INSTRUCTIONS TO FOLLOW.
The lines from the start of the records below through the line containing "date: 1740-1790" are to be copied exactly, both ends included, with nothing added.

SOURCE RECORDS.
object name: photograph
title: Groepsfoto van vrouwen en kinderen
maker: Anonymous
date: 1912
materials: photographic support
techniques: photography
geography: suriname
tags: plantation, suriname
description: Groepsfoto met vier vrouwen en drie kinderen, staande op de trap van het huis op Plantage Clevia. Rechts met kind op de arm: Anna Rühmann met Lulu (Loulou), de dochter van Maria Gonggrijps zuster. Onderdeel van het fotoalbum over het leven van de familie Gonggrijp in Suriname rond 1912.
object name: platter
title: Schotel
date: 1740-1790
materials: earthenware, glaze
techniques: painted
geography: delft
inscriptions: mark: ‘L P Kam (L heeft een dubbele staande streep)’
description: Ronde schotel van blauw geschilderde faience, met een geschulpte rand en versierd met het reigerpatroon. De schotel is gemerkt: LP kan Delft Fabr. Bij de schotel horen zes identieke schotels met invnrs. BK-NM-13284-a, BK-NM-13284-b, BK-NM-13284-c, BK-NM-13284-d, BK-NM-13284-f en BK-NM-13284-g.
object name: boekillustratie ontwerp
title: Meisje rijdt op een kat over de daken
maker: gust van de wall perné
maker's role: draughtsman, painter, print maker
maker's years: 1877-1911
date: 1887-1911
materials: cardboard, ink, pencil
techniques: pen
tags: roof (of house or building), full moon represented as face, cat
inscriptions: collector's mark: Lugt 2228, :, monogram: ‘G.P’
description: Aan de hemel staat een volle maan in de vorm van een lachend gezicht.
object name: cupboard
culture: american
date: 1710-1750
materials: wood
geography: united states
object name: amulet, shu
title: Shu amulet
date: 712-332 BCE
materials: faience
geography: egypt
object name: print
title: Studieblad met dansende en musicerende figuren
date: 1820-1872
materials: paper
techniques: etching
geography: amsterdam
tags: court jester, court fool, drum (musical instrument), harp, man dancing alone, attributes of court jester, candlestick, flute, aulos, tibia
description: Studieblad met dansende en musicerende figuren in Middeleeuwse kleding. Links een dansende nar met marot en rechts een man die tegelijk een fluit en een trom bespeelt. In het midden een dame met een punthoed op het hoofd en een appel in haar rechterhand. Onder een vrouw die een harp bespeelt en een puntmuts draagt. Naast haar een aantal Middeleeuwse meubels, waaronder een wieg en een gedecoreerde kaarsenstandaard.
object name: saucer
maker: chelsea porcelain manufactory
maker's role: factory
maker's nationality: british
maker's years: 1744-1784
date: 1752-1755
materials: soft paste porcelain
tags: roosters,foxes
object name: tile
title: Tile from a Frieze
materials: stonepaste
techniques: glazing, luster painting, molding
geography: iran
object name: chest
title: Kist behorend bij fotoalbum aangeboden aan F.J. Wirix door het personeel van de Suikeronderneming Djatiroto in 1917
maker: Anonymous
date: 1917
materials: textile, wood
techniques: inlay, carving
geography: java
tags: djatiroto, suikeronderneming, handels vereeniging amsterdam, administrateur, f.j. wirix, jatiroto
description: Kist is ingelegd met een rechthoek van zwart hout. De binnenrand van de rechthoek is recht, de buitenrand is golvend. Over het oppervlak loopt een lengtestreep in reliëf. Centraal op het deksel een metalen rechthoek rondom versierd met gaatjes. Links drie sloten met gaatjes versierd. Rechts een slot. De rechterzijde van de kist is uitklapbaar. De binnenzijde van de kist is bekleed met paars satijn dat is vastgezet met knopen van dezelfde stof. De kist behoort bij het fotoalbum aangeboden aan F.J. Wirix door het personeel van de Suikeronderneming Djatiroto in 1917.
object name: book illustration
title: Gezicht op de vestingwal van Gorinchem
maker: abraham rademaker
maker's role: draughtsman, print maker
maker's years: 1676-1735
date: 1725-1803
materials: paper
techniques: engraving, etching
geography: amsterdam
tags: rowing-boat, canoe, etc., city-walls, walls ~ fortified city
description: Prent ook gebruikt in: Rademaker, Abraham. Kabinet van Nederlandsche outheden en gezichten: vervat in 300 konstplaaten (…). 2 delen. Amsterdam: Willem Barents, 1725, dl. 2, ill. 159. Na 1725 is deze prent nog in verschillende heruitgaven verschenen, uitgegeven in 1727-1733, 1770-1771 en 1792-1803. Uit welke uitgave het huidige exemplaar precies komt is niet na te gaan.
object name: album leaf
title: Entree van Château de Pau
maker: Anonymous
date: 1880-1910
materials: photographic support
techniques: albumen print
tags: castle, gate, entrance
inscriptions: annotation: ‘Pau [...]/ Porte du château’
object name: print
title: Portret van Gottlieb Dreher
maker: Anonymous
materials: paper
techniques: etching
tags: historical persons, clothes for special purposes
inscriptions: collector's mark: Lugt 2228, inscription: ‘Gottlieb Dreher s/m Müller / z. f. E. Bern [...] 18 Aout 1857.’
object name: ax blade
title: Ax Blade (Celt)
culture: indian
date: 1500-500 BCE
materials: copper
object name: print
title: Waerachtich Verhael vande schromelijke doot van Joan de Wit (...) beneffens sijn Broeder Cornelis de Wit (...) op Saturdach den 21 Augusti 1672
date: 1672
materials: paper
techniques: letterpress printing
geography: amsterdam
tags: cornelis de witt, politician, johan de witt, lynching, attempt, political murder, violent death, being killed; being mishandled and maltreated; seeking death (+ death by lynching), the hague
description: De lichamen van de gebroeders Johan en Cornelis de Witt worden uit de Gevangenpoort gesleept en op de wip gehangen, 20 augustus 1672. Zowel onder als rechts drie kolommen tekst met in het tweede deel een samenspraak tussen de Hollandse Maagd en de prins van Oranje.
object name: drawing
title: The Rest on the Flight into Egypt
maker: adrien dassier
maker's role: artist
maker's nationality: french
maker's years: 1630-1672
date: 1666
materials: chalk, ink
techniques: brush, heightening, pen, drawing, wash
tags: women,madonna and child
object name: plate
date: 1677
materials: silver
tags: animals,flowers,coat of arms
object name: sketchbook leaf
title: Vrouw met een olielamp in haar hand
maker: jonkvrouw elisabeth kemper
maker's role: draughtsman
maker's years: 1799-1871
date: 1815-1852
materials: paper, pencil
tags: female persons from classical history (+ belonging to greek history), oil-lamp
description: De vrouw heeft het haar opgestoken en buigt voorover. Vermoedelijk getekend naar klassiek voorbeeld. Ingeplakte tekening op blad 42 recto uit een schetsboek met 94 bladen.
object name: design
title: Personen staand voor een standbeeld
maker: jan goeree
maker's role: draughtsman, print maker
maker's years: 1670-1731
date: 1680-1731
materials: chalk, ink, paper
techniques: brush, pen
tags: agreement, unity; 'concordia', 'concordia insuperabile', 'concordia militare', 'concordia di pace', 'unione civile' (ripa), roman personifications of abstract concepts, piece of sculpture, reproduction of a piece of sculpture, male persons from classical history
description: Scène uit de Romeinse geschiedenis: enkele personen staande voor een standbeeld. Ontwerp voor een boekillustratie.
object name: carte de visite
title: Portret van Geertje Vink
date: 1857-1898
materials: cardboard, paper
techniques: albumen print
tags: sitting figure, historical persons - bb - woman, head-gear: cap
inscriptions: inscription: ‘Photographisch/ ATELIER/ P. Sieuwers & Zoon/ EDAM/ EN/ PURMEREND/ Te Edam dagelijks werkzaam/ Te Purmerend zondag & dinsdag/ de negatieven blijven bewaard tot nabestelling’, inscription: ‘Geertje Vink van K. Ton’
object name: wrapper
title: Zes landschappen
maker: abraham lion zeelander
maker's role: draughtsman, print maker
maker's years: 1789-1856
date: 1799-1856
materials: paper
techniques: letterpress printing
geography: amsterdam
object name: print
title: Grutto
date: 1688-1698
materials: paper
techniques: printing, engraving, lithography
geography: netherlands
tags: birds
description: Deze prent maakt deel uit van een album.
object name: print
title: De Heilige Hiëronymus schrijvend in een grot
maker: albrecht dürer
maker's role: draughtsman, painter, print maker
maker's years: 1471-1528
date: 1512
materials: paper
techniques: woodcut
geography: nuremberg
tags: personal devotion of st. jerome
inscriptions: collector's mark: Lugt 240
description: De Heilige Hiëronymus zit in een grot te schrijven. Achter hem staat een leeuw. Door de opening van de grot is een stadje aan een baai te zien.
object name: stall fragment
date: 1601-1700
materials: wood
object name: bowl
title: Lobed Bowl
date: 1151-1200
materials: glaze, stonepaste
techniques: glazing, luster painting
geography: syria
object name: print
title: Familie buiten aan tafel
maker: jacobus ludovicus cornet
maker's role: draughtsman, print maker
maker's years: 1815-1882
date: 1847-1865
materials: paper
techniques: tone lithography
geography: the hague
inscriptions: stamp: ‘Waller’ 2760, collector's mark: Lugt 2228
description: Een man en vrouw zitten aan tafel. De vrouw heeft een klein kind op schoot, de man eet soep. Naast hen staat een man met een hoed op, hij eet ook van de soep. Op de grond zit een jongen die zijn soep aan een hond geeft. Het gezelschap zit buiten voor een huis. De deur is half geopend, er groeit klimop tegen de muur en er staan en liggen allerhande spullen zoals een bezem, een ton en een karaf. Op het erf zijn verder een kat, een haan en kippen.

TASK OUTPUT.
object name: photograph
title: Groepsfoto van vrouwen en kinderen
maker: Anonymous
date: 1912
materials: photographic support
techniques: photography
geography: suriname
tags: plantation, suriname
description: Groepsfoto met vier vrouwen en drie kinderen, staande op de trap van het huis op Plantage Clevia. Rechts met kind op de arm: Anna Rühmann met Lulu (Loulou), de dochter van Maria Gonggrijps zuster. Onderdeel van het fotoalbum over het leven van de familie Gonggrijp in Suriname rond 1912.
object name: platter
title: Schotel
date: 1740-1790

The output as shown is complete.